━━━━━ Entries provided

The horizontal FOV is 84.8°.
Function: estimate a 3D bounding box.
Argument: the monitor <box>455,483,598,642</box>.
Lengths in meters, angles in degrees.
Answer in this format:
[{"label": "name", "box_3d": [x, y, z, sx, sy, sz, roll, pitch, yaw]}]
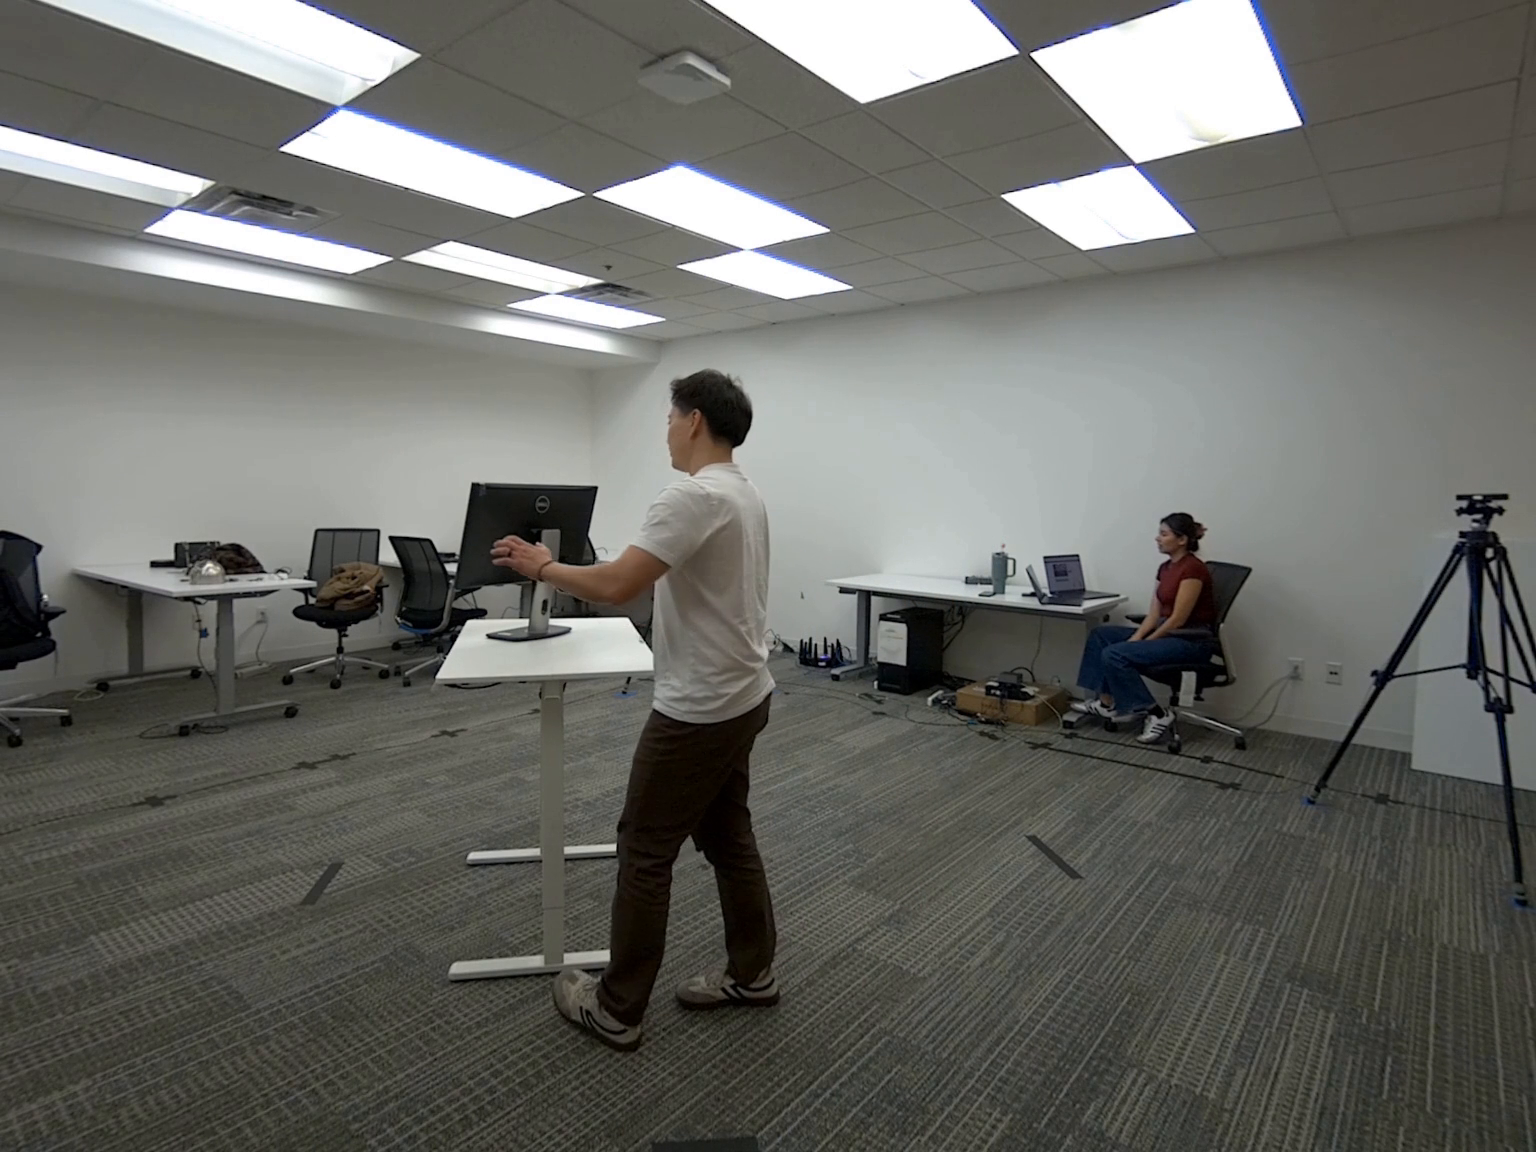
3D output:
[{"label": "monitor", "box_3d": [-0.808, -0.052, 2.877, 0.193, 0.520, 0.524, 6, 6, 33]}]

━━━━━━━━━━

What is being asked: Leave out the pictures, and write out exactly the lines from the line containing "Answer in this" through the end of the records above.

Answer area:
Answer in this format:
[{"label": "name", "box_3d": [x, y, z, sx, sy, sz, roll, pitch, yaw]}]
3D output:
[{"label": "monitor", "box_3d": [-0.808, -0.052, 2.877, 0.193, 0.520, 0.524, 6, 6, 33]}]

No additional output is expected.